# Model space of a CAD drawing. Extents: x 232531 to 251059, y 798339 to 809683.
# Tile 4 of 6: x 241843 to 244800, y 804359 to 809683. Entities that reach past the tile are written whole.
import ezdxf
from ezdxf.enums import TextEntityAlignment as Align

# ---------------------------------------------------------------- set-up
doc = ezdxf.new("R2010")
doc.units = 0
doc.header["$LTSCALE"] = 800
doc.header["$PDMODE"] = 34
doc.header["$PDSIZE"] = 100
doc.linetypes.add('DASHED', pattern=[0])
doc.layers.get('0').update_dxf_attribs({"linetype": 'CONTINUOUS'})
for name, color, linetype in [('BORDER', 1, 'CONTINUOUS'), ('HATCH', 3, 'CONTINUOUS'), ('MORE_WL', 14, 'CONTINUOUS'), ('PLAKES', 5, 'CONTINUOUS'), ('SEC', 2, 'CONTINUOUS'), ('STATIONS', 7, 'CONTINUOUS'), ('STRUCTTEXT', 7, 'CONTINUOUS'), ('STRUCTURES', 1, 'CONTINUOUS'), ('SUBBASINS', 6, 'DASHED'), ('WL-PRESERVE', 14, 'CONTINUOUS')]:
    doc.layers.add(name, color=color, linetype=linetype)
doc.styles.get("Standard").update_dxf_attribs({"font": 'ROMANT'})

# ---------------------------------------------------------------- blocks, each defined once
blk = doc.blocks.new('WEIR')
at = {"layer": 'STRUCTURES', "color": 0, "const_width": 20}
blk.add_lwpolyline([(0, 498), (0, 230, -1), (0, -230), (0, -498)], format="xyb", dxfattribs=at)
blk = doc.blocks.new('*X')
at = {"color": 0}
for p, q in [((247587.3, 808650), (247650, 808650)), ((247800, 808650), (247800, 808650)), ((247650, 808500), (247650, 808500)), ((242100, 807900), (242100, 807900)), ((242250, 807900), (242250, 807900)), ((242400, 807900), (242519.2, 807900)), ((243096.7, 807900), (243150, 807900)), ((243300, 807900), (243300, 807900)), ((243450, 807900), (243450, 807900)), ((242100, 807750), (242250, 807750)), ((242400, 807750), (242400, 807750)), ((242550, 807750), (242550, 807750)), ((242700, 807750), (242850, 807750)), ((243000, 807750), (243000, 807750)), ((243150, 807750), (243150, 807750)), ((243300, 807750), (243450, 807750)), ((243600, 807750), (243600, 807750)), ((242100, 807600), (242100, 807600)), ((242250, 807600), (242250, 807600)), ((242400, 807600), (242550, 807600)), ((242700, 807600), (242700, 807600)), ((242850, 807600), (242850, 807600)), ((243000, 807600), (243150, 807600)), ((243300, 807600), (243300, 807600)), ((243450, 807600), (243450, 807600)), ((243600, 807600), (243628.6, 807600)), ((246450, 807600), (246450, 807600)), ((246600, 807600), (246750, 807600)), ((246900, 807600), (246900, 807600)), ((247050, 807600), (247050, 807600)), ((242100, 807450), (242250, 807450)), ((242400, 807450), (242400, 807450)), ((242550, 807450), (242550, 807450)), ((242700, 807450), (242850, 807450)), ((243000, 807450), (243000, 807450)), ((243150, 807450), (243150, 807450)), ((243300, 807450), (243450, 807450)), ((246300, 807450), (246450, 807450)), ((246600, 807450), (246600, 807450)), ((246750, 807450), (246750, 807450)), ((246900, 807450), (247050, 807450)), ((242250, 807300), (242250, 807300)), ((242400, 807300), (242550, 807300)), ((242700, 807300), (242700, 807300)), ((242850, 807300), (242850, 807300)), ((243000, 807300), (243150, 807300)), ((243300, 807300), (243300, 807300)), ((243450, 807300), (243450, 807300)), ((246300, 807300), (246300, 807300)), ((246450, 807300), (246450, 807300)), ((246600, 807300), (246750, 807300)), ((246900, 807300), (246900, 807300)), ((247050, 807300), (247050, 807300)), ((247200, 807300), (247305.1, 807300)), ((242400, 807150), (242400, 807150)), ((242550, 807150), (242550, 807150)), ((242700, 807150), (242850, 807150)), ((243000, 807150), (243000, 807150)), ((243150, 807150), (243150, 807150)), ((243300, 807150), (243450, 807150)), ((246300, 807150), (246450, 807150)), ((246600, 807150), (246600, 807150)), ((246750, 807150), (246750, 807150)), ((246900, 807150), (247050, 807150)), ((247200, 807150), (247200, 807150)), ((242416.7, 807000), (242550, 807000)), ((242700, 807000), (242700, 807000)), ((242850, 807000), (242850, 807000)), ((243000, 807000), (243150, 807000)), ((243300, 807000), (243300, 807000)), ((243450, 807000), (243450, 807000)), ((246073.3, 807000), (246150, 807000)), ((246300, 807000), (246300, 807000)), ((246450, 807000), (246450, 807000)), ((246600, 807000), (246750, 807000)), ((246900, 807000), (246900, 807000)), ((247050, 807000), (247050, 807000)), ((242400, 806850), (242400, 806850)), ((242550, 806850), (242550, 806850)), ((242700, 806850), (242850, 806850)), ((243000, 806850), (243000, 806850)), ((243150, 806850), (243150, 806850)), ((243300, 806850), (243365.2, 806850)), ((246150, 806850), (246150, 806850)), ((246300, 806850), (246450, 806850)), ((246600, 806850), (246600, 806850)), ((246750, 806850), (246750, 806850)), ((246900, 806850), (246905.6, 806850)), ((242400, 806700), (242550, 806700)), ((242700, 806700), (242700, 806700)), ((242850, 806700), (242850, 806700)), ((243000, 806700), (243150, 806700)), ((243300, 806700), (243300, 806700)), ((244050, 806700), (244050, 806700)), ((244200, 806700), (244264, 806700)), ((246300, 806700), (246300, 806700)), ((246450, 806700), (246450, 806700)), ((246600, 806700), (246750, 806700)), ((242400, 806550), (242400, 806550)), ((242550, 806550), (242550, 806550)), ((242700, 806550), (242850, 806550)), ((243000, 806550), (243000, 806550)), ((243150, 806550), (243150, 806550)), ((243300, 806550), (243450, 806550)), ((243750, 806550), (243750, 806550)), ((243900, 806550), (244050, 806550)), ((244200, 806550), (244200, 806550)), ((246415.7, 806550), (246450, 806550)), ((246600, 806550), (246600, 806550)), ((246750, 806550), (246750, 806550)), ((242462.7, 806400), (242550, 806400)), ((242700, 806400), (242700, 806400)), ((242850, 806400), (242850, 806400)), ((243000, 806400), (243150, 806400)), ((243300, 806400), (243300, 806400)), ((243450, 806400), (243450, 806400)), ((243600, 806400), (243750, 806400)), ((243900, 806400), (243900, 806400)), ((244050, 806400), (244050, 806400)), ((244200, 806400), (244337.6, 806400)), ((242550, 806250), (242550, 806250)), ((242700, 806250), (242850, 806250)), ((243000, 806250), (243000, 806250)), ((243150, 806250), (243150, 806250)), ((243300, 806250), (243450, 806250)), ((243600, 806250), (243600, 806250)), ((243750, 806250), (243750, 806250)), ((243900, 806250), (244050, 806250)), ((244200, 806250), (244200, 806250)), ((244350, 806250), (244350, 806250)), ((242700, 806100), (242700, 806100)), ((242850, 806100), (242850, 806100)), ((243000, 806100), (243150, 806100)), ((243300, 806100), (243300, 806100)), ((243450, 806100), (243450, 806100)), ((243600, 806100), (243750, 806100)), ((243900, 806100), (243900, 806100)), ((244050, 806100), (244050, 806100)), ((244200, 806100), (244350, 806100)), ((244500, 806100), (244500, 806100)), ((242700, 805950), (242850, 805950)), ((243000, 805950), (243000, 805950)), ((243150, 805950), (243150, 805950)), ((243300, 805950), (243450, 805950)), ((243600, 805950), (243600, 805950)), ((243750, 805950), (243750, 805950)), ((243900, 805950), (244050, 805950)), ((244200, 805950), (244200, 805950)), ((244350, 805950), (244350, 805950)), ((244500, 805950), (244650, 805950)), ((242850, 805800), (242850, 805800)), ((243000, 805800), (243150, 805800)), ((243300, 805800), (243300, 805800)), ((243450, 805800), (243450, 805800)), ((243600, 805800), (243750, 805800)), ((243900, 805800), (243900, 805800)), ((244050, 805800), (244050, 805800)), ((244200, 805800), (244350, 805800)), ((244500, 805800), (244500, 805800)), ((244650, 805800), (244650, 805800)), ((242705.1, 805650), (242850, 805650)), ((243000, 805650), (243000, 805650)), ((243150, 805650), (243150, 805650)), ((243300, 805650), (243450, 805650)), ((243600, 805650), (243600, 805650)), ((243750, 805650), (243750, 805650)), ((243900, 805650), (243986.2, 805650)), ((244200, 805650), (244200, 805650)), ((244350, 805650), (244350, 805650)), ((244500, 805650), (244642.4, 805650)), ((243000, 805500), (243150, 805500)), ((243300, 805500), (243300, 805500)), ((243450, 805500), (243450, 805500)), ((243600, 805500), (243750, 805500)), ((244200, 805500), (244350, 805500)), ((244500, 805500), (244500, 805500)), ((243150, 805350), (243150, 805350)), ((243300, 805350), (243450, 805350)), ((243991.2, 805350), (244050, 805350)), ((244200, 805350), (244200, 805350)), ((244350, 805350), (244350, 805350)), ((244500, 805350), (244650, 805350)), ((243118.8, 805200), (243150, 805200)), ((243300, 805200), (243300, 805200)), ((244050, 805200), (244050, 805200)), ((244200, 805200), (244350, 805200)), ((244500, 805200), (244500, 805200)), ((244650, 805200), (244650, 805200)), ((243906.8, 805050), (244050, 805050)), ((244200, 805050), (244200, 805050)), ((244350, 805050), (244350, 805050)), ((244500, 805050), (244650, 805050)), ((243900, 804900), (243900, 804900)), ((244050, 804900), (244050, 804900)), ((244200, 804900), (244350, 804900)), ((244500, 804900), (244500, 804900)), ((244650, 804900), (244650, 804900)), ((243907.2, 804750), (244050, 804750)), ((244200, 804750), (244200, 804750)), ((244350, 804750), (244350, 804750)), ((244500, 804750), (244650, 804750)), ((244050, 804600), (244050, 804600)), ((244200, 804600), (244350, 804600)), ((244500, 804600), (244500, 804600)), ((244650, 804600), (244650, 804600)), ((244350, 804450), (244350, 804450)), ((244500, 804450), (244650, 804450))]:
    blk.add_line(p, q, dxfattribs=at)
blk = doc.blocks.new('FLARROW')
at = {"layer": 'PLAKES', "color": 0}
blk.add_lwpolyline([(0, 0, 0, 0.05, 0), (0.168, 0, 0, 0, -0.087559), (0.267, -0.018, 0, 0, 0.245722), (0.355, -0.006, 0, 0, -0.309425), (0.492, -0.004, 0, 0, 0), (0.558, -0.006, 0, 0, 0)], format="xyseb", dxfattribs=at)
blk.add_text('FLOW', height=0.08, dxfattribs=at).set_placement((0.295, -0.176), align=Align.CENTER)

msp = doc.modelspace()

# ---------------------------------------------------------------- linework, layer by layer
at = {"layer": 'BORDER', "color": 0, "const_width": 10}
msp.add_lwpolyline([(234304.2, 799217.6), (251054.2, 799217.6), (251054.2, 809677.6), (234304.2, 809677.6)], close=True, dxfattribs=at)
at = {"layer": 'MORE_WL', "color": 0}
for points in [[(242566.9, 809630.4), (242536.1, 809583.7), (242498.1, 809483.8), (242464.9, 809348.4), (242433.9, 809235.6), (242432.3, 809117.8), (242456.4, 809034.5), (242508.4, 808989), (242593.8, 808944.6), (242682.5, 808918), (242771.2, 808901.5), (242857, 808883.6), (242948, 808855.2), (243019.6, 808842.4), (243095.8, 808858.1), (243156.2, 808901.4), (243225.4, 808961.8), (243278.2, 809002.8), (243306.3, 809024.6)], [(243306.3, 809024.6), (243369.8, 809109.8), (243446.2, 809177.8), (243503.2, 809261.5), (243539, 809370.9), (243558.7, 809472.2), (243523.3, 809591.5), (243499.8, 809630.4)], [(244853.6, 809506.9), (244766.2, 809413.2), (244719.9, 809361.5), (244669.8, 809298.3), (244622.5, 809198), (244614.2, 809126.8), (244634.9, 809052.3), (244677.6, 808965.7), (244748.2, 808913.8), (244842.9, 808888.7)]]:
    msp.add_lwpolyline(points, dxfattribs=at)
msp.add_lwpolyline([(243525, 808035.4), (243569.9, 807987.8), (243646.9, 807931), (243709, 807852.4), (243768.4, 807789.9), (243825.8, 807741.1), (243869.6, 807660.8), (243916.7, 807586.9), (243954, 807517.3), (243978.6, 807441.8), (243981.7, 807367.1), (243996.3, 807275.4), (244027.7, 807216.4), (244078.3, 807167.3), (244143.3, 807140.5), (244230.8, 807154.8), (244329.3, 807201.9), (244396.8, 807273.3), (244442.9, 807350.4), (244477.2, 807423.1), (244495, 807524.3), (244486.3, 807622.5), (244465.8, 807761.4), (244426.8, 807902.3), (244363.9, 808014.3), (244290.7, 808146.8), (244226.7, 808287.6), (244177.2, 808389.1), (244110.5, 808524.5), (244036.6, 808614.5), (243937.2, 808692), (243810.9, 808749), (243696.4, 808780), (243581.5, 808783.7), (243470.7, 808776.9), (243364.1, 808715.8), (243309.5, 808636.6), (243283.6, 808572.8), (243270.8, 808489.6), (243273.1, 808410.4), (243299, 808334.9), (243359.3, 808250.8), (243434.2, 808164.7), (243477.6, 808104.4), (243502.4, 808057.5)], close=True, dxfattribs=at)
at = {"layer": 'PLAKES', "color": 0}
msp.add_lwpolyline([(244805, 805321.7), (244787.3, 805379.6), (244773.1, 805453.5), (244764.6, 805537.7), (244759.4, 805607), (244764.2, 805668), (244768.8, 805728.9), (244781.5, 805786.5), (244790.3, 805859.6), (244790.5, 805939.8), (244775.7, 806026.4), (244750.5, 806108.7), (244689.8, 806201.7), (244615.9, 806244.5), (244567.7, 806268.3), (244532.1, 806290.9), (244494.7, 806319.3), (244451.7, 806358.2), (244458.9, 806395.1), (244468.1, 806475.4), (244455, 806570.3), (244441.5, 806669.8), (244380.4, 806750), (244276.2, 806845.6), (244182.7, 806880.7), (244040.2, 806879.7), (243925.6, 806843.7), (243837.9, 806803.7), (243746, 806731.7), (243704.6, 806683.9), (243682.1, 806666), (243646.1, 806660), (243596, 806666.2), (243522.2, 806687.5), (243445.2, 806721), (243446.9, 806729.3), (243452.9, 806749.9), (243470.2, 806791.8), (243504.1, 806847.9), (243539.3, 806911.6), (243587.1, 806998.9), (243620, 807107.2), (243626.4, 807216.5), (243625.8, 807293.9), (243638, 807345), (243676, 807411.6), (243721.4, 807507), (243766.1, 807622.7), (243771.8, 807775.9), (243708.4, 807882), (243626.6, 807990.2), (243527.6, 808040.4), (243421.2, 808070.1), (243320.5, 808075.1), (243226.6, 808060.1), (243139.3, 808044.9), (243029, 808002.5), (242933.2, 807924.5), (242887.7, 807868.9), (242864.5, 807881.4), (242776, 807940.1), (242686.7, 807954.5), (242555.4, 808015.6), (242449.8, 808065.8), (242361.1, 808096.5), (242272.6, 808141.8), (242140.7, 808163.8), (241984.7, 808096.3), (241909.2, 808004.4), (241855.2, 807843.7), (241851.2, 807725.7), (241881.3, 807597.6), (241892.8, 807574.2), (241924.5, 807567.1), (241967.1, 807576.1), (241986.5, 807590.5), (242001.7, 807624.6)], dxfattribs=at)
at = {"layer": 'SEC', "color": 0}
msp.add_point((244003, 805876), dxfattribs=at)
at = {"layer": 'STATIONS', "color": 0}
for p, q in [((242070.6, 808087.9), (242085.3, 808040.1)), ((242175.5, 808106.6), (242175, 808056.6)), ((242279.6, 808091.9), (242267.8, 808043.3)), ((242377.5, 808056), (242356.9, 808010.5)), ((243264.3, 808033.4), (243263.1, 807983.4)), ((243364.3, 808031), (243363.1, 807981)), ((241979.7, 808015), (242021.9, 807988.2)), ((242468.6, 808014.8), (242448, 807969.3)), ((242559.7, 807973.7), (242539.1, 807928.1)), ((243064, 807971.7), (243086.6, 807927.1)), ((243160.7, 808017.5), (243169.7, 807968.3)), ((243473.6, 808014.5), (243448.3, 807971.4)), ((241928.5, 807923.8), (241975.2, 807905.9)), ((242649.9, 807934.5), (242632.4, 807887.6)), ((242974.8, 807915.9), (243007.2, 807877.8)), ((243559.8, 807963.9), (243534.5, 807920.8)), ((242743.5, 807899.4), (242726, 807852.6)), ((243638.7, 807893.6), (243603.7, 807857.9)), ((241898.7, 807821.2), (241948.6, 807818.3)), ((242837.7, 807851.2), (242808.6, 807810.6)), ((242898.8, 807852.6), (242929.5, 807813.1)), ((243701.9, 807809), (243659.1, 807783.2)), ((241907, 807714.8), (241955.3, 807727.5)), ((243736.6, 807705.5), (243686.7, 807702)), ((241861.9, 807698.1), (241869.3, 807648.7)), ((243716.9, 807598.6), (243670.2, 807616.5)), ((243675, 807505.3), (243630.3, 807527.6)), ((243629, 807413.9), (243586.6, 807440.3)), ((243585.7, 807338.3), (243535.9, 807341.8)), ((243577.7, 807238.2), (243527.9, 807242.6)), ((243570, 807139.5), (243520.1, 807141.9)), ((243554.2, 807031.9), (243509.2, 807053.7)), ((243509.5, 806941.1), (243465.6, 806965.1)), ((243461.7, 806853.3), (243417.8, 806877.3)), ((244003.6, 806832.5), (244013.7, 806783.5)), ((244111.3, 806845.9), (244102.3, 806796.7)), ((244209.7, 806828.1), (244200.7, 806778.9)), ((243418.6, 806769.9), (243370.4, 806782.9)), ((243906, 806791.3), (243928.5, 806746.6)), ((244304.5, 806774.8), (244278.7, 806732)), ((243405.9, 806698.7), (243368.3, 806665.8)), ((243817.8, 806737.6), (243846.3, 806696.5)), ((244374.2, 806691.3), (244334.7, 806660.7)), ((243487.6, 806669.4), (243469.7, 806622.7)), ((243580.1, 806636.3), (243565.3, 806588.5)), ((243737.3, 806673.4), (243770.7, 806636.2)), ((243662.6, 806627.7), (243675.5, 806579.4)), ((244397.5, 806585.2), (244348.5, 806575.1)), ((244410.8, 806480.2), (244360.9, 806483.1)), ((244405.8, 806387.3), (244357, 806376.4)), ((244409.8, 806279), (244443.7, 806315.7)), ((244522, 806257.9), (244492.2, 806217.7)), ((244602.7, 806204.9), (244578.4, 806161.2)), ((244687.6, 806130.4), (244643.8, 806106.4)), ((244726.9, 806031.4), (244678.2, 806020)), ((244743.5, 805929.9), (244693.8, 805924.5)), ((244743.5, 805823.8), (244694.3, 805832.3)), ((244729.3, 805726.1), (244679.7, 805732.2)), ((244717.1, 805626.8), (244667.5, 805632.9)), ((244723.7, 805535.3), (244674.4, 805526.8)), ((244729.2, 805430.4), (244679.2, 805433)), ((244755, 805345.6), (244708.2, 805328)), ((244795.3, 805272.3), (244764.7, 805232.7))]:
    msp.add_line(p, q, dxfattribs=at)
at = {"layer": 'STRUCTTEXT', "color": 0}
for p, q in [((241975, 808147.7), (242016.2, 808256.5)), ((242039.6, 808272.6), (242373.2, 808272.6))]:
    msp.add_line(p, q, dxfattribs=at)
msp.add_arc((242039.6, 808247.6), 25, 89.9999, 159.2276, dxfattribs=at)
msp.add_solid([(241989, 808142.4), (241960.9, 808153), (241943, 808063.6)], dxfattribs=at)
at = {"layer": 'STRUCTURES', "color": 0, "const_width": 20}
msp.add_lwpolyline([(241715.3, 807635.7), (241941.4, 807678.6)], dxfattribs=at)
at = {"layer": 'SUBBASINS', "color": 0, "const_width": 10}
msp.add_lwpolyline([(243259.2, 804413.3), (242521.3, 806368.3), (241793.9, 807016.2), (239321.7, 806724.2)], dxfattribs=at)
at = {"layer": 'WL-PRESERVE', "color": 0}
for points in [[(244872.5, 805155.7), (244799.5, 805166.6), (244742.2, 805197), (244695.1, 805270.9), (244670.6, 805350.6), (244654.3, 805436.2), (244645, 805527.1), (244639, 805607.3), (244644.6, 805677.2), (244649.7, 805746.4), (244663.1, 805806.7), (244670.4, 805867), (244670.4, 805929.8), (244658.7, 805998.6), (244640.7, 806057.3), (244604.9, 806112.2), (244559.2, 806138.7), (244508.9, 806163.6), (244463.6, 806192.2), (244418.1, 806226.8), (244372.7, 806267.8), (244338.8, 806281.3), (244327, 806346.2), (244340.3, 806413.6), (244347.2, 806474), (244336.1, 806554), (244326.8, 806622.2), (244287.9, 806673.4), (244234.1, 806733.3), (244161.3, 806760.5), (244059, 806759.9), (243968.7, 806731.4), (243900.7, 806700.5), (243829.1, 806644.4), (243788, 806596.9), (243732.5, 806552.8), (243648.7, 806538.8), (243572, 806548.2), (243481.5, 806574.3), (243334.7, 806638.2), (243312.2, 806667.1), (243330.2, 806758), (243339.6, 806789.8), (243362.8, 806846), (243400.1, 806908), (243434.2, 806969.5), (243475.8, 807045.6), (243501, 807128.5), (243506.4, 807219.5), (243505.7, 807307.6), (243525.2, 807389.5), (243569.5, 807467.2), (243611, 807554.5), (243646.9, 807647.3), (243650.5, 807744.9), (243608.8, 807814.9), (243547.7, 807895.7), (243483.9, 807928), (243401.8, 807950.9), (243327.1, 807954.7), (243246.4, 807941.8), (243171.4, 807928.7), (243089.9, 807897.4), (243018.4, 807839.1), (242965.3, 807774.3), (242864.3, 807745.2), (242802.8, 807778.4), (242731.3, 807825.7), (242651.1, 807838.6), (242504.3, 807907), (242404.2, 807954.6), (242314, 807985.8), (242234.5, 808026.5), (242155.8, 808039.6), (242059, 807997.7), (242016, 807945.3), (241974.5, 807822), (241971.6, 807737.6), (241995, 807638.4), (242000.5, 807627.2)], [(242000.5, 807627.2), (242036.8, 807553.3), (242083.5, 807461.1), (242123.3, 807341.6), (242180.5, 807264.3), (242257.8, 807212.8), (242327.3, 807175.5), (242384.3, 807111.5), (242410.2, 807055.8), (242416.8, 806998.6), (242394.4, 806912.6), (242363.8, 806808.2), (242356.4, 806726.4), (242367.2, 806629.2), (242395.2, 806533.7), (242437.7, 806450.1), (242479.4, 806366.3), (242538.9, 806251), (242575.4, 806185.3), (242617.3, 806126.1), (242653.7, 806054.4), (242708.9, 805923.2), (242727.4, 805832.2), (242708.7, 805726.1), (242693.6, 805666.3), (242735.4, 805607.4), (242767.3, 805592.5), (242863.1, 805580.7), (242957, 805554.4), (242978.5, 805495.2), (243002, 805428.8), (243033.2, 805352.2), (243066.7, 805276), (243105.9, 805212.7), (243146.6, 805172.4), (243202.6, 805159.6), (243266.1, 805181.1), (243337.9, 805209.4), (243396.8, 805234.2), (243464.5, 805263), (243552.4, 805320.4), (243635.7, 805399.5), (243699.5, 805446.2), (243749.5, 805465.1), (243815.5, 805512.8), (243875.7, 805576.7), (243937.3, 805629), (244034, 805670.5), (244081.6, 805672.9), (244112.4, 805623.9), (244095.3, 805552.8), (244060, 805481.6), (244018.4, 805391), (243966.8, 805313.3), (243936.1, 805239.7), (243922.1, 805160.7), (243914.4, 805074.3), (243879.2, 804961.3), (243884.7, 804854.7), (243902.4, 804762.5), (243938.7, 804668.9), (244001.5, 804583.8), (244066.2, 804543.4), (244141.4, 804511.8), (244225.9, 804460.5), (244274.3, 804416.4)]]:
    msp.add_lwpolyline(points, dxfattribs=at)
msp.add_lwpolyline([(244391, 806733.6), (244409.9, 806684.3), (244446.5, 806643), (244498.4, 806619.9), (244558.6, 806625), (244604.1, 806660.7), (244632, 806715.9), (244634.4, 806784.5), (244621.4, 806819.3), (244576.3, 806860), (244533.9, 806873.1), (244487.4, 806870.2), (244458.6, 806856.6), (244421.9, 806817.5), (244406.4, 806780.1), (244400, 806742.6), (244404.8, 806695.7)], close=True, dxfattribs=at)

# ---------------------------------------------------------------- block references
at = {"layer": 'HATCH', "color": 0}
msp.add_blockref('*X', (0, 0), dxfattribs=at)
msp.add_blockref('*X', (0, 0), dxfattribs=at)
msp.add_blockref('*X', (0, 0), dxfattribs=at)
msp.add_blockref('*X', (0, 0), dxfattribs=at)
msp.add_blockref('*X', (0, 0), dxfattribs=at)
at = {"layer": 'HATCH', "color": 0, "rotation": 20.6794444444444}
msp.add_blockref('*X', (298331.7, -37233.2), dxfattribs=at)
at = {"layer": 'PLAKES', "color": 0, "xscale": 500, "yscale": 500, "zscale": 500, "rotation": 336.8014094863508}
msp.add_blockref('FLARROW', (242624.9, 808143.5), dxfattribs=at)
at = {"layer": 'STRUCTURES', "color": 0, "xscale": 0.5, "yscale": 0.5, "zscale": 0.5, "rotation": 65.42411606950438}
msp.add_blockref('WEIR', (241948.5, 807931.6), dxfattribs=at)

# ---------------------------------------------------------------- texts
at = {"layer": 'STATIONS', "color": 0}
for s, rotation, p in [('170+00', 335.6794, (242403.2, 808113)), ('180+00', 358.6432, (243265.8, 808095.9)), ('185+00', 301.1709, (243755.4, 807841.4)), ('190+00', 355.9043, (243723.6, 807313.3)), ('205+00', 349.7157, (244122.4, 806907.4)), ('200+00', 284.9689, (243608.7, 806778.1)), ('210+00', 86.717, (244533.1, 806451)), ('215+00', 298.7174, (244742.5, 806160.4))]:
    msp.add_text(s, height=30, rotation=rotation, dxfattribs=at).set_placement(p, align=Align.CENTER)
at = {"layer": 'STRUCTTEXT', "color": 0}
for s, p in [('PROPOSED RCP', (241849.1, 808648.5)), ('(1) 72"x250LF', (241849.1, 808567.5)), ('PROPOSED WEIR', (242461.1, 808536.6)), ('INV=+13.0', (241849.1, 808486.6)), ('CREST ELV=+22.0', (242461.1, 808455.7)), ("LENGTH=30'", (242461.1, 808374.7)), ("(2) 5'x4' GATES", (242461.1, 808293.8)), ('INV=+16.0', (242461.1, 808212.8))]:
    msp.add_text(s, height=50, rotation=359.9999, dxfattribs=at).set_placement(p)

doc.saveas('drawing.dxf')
-----
In the material above, report how many lines hold the word "header", and add nothing to the figure.

» **Task output**
3